Exercise directions:
Find the line with "text f. ten" in the records below. Copy it and every line after it, up to and including the line with "text e. 5 opleidingspunten".

··· Listed entries ···

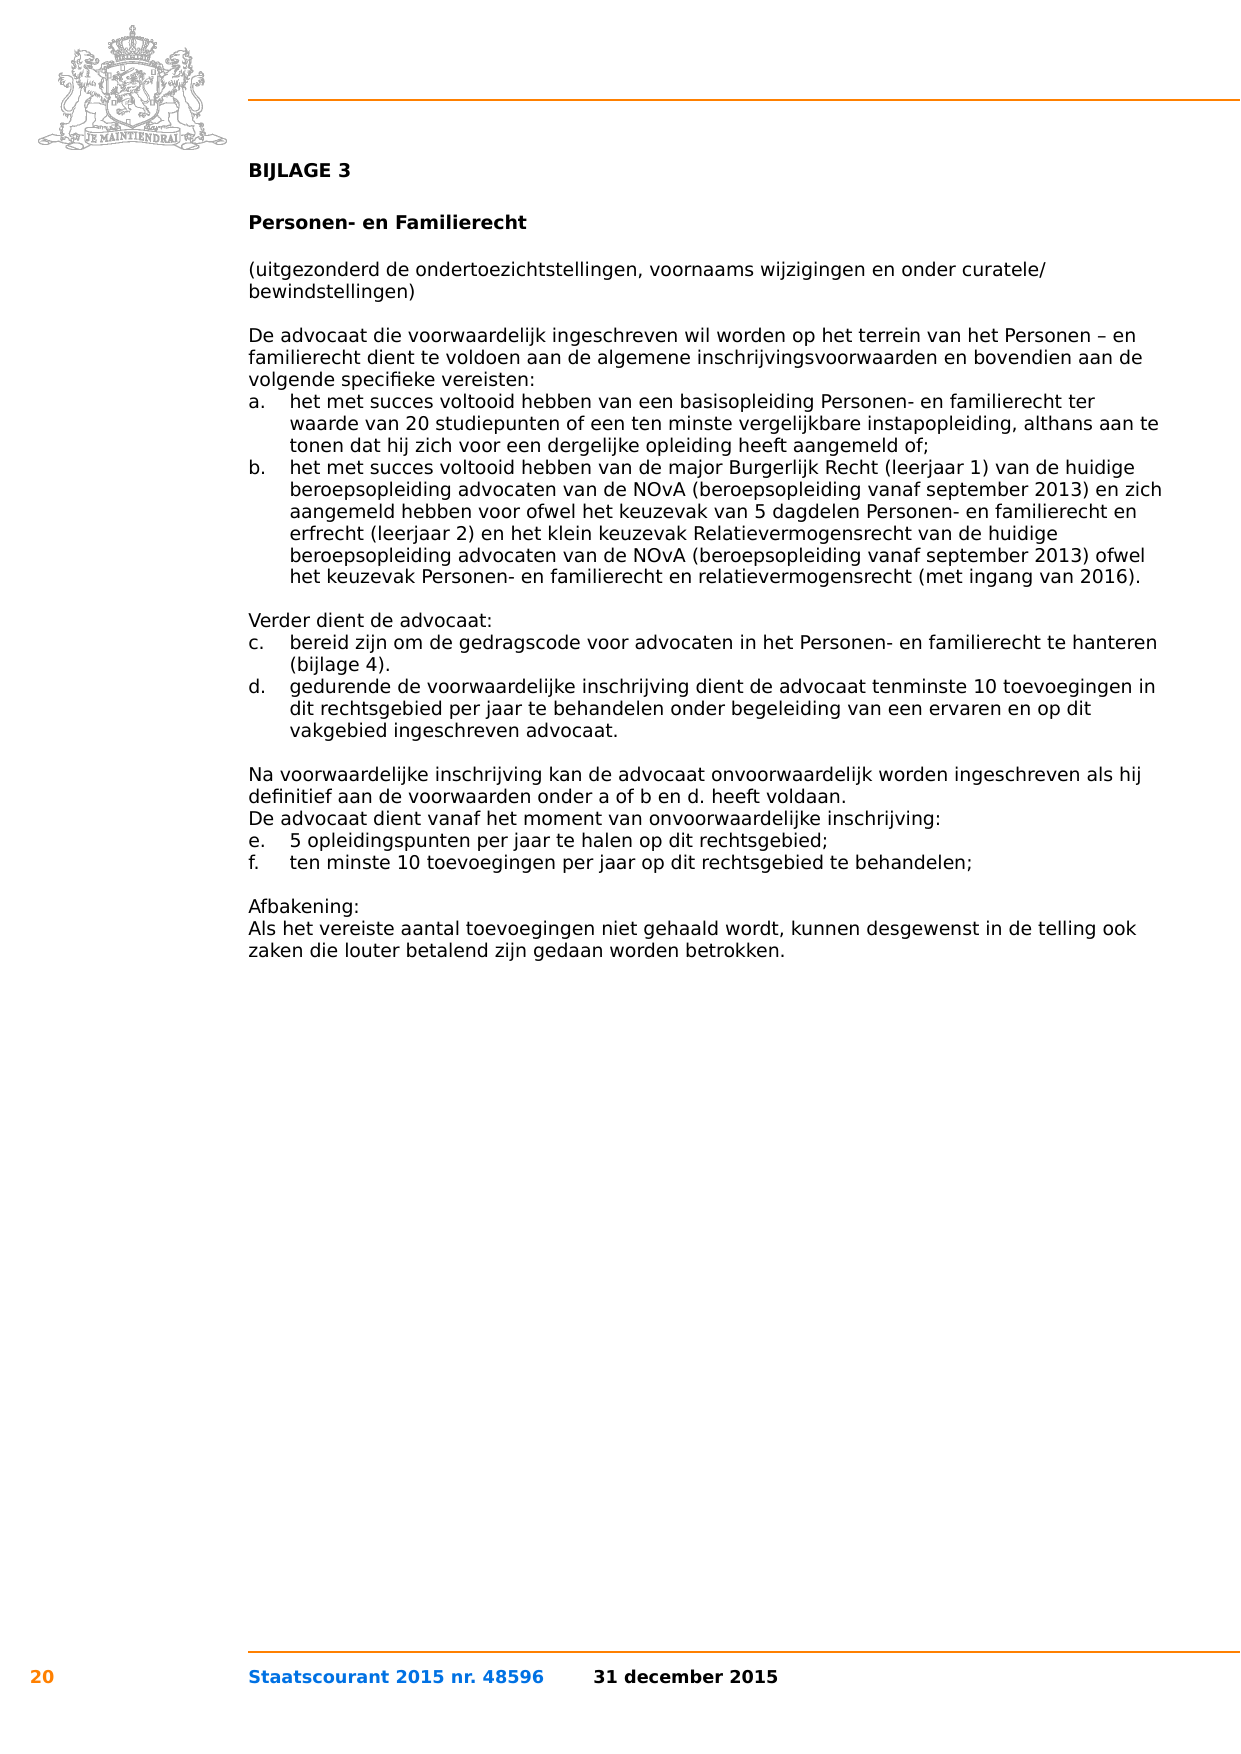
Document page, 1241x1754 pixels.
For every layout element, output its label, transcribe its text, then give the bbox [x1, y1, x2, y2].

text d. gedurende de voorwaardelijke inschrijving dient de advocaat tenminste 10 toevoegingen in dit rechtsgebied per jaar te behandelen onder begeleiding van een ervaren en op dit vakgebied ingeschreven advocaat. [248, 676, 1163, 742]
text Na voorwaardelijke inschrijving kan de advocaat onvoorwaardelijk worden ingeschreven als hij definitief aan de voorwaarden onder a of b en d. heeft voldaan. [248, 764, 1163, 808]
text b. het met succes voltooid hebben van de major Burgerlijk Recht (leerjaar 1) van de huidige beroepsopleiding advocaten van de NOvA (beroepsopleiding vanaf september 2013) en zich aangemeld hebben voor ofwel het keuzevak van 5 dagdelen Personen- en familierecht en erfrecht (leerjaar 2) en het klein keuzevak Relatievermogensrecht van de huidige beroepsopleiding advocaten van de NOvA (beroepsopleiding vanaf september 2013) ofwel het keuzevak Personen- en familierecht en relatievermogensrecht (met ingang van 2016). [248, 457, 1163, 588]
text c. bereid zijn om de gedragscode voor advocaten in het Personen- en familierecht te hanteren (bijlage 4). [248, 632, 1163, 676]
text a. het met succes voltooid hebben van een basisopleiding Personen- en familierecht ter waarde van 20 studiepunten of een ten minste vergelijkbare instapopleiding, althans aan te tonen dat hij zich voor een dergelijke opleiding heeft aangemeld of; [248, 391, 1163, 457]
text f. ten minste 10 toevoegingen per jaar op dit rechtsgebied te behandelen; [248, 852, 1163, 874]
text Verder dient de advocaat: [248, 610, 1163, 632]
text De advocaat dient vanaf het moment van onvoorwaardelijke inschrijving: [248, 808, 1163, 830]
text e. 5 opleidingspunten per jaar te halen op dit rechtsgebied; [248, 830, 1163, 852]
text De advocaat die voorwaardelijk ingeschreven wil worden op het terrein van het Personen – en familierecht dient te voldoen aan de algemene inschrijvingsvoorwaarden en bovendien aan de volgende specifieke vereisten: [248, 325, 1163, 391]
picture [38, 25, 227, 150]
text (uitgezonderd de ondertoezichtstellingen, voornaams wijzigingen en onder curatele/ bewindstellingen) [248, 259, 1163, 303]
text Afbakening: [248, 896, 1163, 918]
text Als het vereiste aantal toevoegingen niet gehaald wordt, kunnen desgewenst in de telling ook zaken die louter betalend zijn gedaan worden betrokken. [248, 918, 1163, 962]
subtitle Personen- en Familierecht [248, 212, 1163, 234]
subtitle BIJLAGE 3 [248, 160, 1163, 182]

···

Solution for this exercise:
text f. ten minste 10 toevoegingen per jaar op dit rechtsgebied te behandelen; [248, 852, 1163, 874]
text Verder dient de advocaat: [248, 610, 1163, 632]
text De advocaat dient vanaf het moment van onvoorwaardelijke inschrijving: [248, 808, 1163, 830]
text e. 5 opleidingspunten per jaar te halen op dit rechtsgebied; [248, 830, 1163, 852]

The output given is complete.